Line N+2: B space-separated integers, respectively the capacity of the first barn, then the capacity of the second, and so on. The sum of these numbers is guaranteed to be at least N.
Output
Line 1: One integer, the size of the minumum range of barn rankings the cows give their assigned barns, including the endpoints.
Sample Input
6 4 1 2 3 4 2 3 1 4 4 2 3 1 3 1 2 4 1 3 4 2 1 4 2 3 2 1 3 2
Sample Output
2
Hint
Explanation of the sample:
Each cow can be assigned to her first or second choice: barn 1 gets cows 1 and 5, barn 2 gets cow 2, barn 3 gets cow 4, and barn 4 gets cows 3 and 6.
网友的不错,仿一下。。。
,其实网络流大同小异
题目描述:
有n头奶牛,m个棚,每个奶牛对每个棚都有一个喜爱程度。当然啦,棚子也是有脾气的,并不是奶牛想住进来就住进来,超出棚子的最大容量了,棚子是拒绝的。现在要给每个奶牛安家,本宝宝是一个公正无私的人类,所以要找一个奶牛喜爱程度差值最小的方案(虽然这样大家的喜爱程度可能普遍偏低,因为绝对公平并不代表合理啊),问喜爱程度的区间最小为多大?
解题思路:
每个棚子并不是住一个奶牛,所以是多重匹配咯。匹配的时候二分枚举喜爱程度的区间大小,根据区间大小来枚举区间的起点和终点,然后跑多重匹配判断是否合法即可。注意咯,求得是区间大小。
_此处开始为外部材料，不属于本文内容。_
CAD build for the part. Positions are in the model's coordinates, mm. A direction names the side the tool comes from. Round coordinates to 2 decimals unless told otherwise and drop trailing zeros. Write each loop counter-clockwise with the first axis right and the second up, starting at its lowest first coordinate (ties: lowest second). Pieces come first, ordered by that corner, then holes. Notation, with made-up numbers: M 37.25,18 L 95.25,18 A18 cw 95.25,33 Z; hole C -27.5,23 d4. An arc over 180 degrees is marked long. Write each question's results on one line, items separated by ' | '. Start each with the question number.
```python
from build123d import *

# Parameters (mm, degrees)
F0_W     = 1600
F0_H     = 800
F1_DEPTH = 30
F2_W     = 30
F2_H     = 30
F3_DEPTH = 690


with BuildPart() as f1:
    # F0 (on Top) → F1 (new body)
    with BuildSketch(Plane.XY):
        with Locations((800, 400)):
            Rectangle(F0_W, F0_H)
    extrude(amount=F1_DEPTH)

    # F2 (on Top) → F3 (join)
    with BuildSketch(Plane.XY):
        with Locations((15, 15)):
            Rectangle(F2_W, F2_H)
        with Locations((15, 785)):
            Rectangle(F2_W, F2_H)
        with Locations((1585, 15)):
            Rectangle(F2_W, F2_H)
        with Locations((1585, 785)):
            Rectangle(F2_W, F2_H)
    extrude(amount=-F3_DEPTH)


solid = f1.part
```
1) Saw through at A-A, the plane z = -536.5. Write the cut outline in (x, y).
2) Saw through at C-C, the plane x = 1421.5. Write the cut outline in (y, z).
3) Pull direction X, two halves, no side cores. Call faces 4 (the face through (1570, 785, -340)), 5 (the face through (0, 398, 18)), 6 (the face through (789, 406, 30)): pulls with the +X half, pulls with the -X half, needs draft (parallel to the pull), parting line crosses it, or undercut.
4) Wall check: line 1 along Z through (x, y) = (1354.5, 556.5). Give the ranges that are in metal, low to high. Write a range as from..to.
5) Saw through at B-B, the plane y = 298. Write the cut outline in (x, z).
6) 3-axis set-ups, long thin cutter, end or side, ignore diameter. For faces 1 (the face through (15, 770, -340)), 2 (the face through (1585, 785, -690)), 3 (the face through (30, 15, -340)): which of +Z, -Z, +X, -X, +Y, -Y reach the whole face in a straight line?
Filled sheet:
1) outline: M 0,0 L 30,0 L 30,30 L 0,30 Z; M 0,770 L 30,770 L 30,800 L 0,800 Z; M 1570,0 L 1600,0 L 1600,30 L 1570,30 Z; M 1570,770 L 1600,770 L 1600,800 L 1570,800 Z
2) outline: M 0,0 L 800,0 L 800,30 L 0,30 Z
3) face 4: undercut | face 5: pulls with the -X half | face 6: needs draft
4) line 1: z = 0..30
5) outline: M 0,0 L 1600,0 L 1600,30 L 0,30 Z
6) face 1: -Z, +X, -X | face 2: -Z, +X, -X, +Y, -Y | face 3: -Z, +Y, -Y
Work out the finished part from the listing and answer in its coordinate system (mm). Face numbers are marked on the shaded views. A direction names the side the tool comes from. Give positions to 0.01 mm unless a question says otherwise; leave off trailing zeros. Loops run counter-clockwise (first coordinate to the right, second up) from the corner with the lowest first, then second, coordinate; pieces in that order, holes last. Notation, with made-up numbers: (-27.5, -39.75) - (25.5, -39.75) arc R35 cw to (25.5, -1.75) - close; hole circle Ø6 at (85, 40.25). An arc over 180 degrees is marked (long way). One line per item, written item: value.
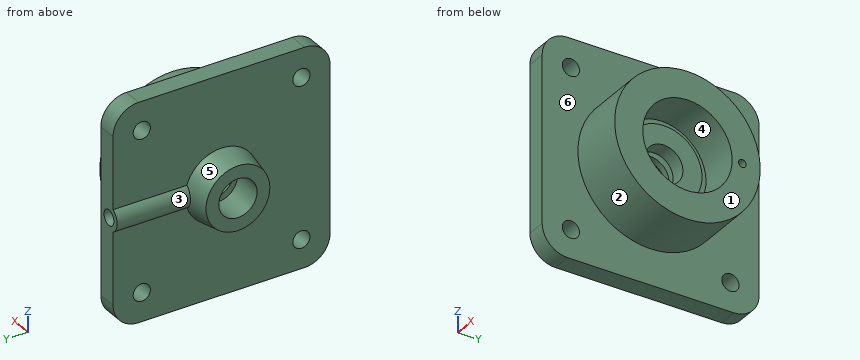
from build123d import *

# Parameters (mm, degrees)
SKETCH_2_R          = 6.75
SKETCH_2_R_2        = 20
EXTRUDE_1_DEPTH     = 15
EXTRUDE_2_REACH     = 208.216
SKETCH_3_R          = 10
SKETCH_6_R          = 3
CUT_EXTRUDE_1_DEPTH = 33
SKETCH_8_R          = 3
CUT_EXTRUDE_2_DEPTH = 58
EXTRUDE_START       = 6
EXTRUDE_3_DEPTH     = 6
EXTRUDE_4_DEPTH     = 58


with BuildPart() as part:
    # Эскиз1 → Повернуть1 (revolve)
    with BuildSketch(Plane.XY, mode=Mode.PRIVATE) as revolve_1_sk:
        Polygon((0, -15), (0, -25), (20, -28.526539614), (20, -57), (80, -57), (80, -35), (48, -35), (48, -30), (51, -30), (51, -15), (39, -15), (39, -20), (34, -20), (34, -15), (29, -15), (29, -20), (24, -20), (24, -15), align=None)
    revolve(revolve_1_sk.sketch.rotate(Axis((-987.033440026, 0, 0), (1, 0, 0)), 270), axis=Axis((-987.033440026, 0, 0), (1, 0, 0)))

    # Эскиз2 → Бобышка-Вытянуть1 (add)
    with BuildSketch(Plane.ZY.offset(-20)):
        with BuildLine():
            Line((-65, -85), (65, -85))
            ThreePointArc((65, -85), (79.142135624, -79.142135624), (85, -65))
            Line((85, -65), (85, 65))
            ThreePointArc((85, 65), (79.142135624, 79.142135624), (65, 85))
            Line((65, 85), (-65, 85))
            ThreePointArc((-65, 85), (-79.142135624, 79.142135624), (-85, 65))
            Line((-85, 65), (-85, -65))
            ThreePointArc((-85, -65), (-79.142135624, -79.142135624), (-65, -85))
        make_face()
        with Locations((-62.5, -62.5)):
            Circle(SKETCH_2_R, mode=Mode.SUBTRACT)
        with Locations((-62.5, 62.5)):
            Circle(SKETCH_2_R, mode=Mode.SUBTRACT)
        with Locations((62.5, 62.5)):
            Circle(SKETCH_2_R, mode=Mode.SUBTRACT)
        with Locations((62.5, -62.5)):
            Circle(SKETCH_2_R, mode=Mode.SUBTRACT)
        Circle(SKETCH_2_R_2, mode=Mode.SUBTRACT)
    extrude(amount=-EXTRUDE_1_DEPTH)

    # Эскиз3 → Бобышка-Вытянуть2 (add, up to next)
    with BuildSketch(Plane(origin=(0, 85, 0), x_dir=(1, 0, 0), z_dir=(0, 1, 0)), mode=Mode.PRIVATE) as extrude_2_sk1:
        with Locations((25, 0)):
            Circle(SKETCH_3_R)
    extrude_2_tool1 = extrude(extrude_2_sk1.sketch, amount=-EXTRUDE_2_REACH, mode=Mode.PRIVATE) - part.part
    add(extrude_2_tool1.solids().sort_by_distance((25, 85, 0))[0])

    # Вырез-По сечениям1: read off the stored shape, not the designer's step
    # Вырез-По сечениям1: loft between two sections, ruled curve by curve
    loft_1_from = [
        Edge.make_bspline([(25.773422165, 73, -2.898588994), (19.976244177, 73, -4.445433323), (18.429399848, 73, 1.351744665), (24.226577835, 73, 2.898588994), (30.023755823, 73, 4.445433323), (31.570600152, 73, -1.351744665), (25.773422165, 73, -2.898588994)], [0, 0, 0, 0, 0.5, 0.5, 0.5, 1, 1, 1, 1], 3, [1, 0.333333333, 0.333333333, 1, 0.333333333, 0.333333333, 1]),
    ]
    loft_1_to = [
        Edge.make_bspline([(23.045798977, 85, -5.672838651), (11.700121675, 85, -1.764436604), (15.608523722, 85, 9.581240698), (26.954201023, 85, 5.672838651), (38.299878325, 85, 1.764436604), (34.391476278, 85, -9.581240698), (23.045798977, 85, -5.672838651)], [0, 0, 0, 0, 0.5, 0.5, 0.5, 1, 1, 1, 1], 3, [1, 0.333333333, 0.333333333, 1, 0.333333333, 0.333333333, 1]),
    ]
    loft_1 = Solid(Shell([*[Face.make_surface_from_curves(loft_1_from[k], loft_1_to[k]) for k in range(1)], Face(Wire(loft_1_from)), Face(Wire(loft_1_to))]))
    add(loft_1, mode=Mode.SUBTRACT)

    # Эскиз6 → Вырез-Вытянуть1 (cut)
    with BuildSketch(Plane(origin=(0, 73, 0), x_dir=(1, 0, 0), z_dir=(0, 1, 0))):
        with Locations(Location((25, 0, 0), (0, 0, 270))):
            Circle(SKETCH_6_R)
    extrude(amount=-CUT_EXTRUDE_1_DEPTH, mode=Mode.SUBTRACT)

    # Эскиз8 → Вырез-Вытянуть2 (cut)
    with BuildSketch(Plane(origin=(80, 0, 0), x_dir=(0, 0, -1), z_dir=(1, 0, 0))):
        with Locations((0, 43)):
            Circle(SKETCH_8_R)
    extrude(amount=-CUT_EXTRUDE_2_DEPTH, mode=Mode.SUBTRACT)

    # Эскиз10 → Бобышка-Вытянуть3 (add)
    with BuildSketch(Plane(origin=(0, 40, 0), x_dir=(1, 0, 0), z_dir=(0, 1, 0)).offset(EXTRUDE_START)):
        with BuildLine():
            Line((25, 3), (25, 4.5))
            ThreePointArc((25, 4.5), (20.5, 0), (25, -4.5))
            Line((25, -4.5), (25, -3))
            ThreePointArc((25, -3), (22, 0), (25, 3))
        make_face()
    extrude(amount=-EXTRUDE_3_DEPTH)

    # Эскиз11 → Бобышка-Вытянуть4 (add)
    with BuildSketch(Plane(origin=(80, 0, 0), x_dir=(0, 0, -1), z_dir=(1, 0, 0))):
        with BuildLine():
            Line((3, 43), (4.5, 43))
            ThreePointArc((4.5, 43), (0, 38.5), (-4.5, 43))
            Line((-4.5, 43), (-3, 43))
            ThreePointArc((-3, 43), (0, 40), (3, 43))
        make_face()
    extrude(amount=-EXTRUDE_4_DEPTH)


solid = part.part
1. For the marked faces 1, 2 and 3, determine the directions among +Z, -Z, +X, -X, +Y, -Y from which every point of the face is accessible in a straight line to the end or side of a thin tool.
Output:
face 1: +Z, -Z, +X, +Y, -Y
face 2: +X
face 3: -X, +Y
2. The mould has two halves that part along Y. Classify the marked faces 4, 5 and 6: released by +Y, released by -Y, zero draft, split by the parting line, or undercut.
Output:
face 4: undercut
face 5: split by the parting line
face 6: zero draft
3. Find the intervals of material crossed by line 1 along Y through (x, z) = (58, 0); line 2 along Y through (x, z) = (28.5, 62.5); line 3 along X through (y, z) = (-11.5, 10.5), in increasing order.
Output:
line 1: y = -57 to -35, 35 to 40, 46 to 57
line 2: y = -85 to -69.25, -55.75 to 55.75, 69.25 to 85
line 3: x = 0 to 24, 29 to 34, 39 to 51
4. Section A-A (z = 62.5) is taken. Write down the section's boundary in (x, y).
Output:
outline: (20, -85) - (35, -85) - (35, -69.25) - (20, -69.25) - close; (20, -55.75) - (35, -55.75) - (35, 55.75) - (20, 55.75) - close; (20, 69.25) - (35, 69.25) - (35, 85) - (20, 85) - close
5. Flat-ended cylindrical pins translate along their axes: pin 1 Ø15.5 at (y, z) = (-62.5, 62.5) entering from +X; pin 2 Ø5.5 at (y, z) = (43, 0) entering from +X; pin 3 Ø12 at (y, z) = (32, -54) entering from +X; pin 4 Ø17.5 at (y, z) = (-62.5, -62.5) entering from -X. Find the tip coordinate at first contact, or state that the pin passes through.
Output:
pin 1: stops at x = 35
pin 2: stops at x = 23.8
pin 3: stops at x = 80
pin 4: stops at x = 20
6. Section D-D (y = -51.5) is taken. Write down the section's boundary in (x, z), and give its area (3 significant figures).
Output:
outline: (20, -85) - (35, -85) - (35, -24.43) - (80, -24.43) - (80, 24.43) - (35, 24.43) - (35, 85) - (20, 85) - close
area: 4,750 mm²
7. Section B-B (y = 62.5) is taken. Write down the section's boundary in (x, z), and give its area (3 significant figures).
Output:
outline: (20, -85) - (35, -85) - (35, -69.25) - (20, -69.25) - close; (20, -55.75) - (35, -55.75) - (35, 55.75) - (20, 55.75) - (20, 8.66) arc R10 ccw to (20, -8.66) - close; (20, 69.25) - (35, 69.25) - (35, 85) - (20, 85) - close; hole circle Ø6 at (25, 0)
area: 2,180 mm²
8. Section C-C (x = 57) is taken. Write down the section's boundary in (y, z), and give its area (3 significant figures).
Output:
outline: circle Ø114 at (0, 0); hole circle Ø70 at (0, 0); hole circle Ø6 at (43, 0)
area: 6,330 mm²

还有啊,还有啊,数据读入的时候maps[i][j]并不是i_th奶牛对j_th棚子的喜爱值,而是i_th奶牛对maps[i][j]棚子的喜爱程度为j。
#include <cstdio>
#include <cstring>
#include <iostream>
#include <algorithm>
using namespace std;
const int maxn = 1010;
int maps[maxn][22], vis[22], used[22][maxn];
int link[22], limit[22], n, m, s, e, mid;
bool Find (int u)
{
for (int i=1; i<=m; i++)
{//多重匹配
if (!vis[i] && maps[u][i]<e && s<=maps[u][i])
{
vis[i] = 1;
if (link[i] < limit[i])
{//i棚子未满
used[i][link[i] ++] = u;
return true;
}
for (int j=0; j<limit[i]; j++)//i棚子已满,寻找增广路
if (Find(used[i][j]))
{
used[i][j] = u;
return true;
}
}
}
return false;
}
bool hungry ()
{
for (s=1; s<=m+1-mid; s++)
{//枚举区间起点与终点
int ans = 0;
e = s + mid;
memset (link, 0, sizeof(link));
for (int i=1; i<=n; i++)
{
memset (vis, 0, sizeof(vis));
if (Find (i))
ans ++;
}
if (ans == n)
return true;
}
return false;
}
int main ()
{
while (scanf ("%d %d", &n, &m) != EOF)
{
for (int i=1; i<=n; i++)
for (int j=1; j<=m; j++)
{
scanf ("%d", &mid);
maps[i][mid] = j;
}
for (int i=1; i<=m; i++)
scanf ("%d", &limit[i]);
int left = 1, right = m, ans = 0;
while (left<=right)
{//二分枚举区间
mid = (right+left)/2;
if (hungry())
{
ans = mid;
right = mid - 1 ;
}
else
left = mid + 1 ;
}
printf ("%d\n", ans);
}
return 0;
}